The data.

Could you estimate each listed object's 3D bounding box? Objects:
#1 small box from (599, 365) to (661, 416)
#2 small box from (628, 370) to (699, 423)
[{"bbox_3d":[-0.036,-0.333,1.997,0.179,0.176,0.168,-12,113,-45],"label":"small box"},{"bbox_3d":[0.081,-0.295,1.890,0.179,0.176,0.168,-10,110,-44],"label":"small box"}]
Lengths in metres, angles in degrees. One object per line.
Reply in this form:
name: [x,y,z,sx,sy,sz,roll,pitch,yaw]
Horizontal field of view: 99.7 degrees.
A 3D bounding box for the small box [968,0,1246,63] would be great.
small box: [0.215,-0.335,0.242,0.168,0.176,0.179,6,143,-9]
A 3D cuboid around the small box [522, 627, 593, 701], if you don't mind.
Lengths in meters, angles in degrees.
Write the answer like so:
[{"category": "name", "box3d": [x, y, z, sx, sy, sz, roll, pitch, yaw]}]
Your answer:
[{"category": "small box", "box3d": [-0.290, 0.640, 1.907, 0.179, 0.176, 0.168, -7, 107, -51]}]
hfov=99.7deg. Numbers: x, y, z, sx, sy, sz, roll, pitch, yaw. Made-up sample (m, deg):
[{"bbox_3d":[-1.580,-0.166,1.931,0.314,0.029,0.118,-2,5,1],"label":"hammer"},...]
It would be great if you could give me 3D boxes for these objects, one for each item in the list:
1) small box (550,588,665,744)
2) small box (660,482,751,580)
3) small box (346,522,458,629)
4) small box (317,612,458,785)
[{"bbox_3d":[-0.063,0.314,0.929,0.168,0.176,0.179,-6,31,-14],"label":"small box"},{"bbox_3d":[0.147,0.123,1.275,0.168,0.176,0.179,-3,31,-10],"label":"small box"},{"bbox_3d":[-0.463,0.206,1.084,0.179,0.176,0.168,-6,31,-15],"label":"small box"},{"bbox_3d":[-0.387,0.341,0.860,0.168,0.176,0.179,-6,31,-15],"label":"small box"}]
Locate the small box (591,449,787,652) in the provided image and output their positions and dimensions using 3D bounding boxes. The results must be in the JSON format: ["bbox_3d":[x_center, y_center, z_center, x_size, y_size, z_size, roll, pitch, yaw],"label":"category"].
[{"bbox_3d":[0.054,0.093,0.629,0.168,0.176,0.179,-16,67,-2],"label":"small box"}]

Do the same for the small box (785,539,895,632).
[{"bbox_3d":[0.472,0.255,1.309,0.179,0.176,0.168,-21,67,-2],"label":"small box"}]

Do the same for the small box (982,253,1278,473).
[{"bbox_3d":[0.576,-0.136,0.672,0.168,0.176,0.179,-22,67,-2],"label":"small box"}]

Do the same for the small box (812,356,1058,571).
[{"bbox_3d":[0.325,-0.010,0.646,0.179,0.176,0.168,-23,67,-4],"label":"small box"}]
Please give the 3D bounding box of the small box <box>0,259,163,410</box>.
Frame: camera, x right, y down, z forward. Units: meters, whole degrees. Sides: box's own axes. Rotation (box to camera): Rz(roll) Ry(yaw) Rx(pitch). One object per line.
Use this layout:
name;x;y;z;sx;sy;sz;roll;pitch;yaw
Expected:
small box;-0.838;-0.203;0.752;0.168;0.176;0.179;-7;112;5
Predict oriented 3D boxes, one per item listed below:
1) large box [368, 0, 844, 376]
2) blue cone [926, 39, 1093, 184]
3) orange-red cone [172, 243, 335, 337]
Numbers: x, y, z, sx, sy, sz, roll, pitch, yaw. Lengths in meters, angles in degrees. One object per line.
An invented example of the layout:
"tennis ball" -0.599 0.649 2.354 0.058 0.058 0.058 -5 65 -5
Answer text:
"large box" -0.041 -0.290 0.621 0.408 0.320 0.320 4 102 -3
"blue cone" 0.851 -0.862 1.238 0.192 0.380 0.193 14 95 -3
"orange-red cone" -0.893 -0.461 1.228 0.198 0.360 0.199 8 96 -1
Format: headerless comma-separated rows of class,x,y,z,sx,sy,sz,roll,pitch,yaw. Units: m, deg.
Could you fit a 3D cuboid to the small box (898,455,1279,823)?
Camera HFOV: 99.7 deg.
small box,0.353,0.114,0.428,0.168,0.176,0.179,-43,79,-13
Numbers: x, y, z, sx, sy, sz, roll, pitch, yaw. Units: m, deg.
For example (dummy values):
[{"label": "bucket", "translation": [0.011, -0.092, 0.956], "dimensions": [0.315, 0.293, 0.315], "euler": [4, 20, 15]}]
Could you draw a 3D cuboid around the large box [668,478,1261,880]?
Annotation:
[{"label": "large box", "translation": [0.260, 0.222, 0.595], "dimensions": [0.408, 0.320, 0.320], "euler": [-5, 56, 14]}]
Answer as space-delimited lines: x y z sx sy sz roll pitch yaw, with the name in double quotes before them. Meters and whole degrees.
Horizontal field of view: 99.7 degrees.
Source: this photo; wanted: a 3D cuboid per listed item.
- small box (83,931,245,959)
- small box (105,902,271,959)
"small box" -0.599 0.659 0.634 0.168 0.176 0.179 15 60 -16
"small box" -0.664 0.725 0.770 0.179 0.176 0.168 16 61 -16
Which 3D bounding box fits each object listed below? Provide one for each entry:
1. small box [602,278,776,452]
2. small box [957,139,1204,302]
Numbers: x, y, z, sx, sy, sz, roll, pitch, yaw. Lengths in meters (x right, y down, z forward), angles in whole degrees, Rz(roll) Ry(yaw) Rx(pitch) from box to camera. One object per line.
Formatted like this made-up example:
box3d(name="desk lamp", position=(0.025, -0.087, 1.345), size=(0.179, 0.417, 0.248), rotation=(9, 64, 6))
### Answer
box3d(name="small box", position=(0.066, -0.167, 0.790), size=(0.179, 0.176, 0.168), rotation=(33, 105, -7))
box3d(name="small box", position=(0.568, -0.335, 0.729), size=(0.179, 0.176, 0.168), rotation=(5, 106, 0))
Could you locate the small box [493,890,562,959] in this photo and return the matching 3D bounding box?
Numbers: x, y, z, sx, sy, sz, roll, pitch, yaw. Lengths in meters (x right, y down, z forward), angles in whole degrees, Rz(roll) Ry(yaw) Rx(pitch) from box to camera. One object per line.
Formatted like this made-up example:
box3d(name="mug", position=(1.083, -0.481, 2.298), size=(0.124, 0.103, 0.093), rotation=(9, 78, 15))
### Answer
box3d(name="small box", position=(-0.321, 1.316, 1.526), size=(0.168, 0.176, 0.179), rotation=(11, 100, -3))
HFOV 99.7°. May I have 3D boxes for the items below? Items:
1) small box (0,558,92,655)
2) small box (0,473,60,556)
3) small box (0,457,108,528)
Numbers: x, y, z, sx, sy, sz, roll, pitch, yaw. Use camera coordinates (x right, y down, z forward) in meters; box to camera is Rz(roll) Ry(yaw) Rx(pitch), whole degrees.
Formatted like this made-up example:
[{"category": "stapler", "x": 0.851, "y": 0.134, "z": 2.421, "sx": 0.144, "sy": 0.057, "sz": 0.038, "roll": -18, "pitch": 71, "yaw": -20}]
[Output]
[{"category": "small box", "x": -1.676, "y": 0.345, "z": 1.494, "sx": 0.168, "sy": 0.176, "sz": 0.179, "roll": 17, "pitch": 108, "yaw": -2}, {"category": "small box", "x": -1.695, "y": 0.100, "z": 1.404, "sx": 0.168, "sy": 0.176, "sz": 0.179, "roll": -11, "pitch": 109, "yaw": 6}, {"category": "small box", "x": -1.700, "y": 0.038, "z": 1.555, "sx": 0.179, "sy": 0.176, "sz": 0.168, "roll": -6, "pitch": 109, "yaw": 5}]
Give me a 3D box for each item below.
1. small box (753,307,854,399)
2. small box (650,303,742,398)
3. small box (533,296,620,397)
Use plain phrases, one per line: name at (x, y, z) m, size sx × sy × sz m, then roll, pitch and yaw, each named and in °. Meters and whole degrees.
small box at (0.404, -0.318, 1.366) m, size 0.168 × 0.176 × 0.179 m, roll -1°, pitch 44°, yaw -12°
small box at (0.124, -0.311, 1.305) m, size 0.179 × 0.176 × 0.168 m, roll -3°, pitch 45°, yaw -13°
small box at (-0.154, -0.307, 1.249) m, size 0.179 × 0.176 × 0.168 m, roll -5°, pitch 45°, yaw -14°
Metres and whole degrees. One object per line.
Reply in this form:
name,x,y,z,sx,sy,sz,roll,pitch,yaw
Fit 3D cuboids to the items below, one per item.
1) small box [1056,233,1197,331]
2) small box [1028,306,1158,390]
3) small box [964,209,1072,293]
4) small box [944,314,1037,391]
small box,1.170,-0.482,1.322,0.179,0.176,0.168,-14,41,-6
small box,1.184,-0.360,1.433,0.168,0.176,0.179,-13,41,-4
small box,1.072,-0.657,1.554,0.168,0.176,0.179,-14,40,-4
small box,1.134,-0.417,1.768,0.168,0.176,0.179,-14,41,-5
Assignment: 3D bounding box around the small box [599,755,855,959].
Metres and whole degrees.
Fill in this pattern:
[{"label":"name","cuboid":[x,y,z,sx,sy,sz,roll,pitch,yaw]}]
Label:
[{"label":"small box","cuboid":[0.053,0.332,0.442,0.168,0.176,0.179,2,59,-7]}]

Required action. Copy out only the lines of the records above from the one with "Could you fit" through the one with "2. small box [957,139,1204,302]", exactly as they stand, both included.

Final answer.
Could you fit a 3D cuboid to the small box (898,455,1279,823)?
Camera HFOV: 99.7 deg.
small box,0.353,0.114,0.428,0.168,0.176,0.179,-43,79,-13
Numbers: x, y, z, sx, sy, sz, roll, pitch, yaw. Units: m, deg.
For example (dummy values):
[{"label": "bucket", "translation": [0.011, -0.092, 0.956], "dimensions": [0.315, 0.293, 0.315], "euler": [4, 20, 15]}]
Could you draw a 3D cuboid around the large box [668,478,1261,880]?
Annotation:
[{"label": "large box", "translation": [0.260, 0.222, 0.595], "dimensions": [0.408, 0.320, 0.320], "euler": [-5, 56, 14]}]
Answer as space-delimited lines: x y z sx sy sz roll pitch yaw, with the name in double quotes before them. Meters and whole degrees.
Horizontal field of view: 99.7 degrees.
Source: this photo; wanted: a 3D cuboid per listed item.
- small box (83,931,245,959)
- small box (105,902,271,959)
"small box" -0.599 0.659 0.634 0.168 0.176 0.179 15 60 -16
"small box" -0.664 0.725 0.770 0.179 0.176 0.168 16 61 -16
Which 3D bounding box fits each object listed below? Provide one for each entry:
1. small box [602,278,776,452]
2. small box [957,139,1204,302]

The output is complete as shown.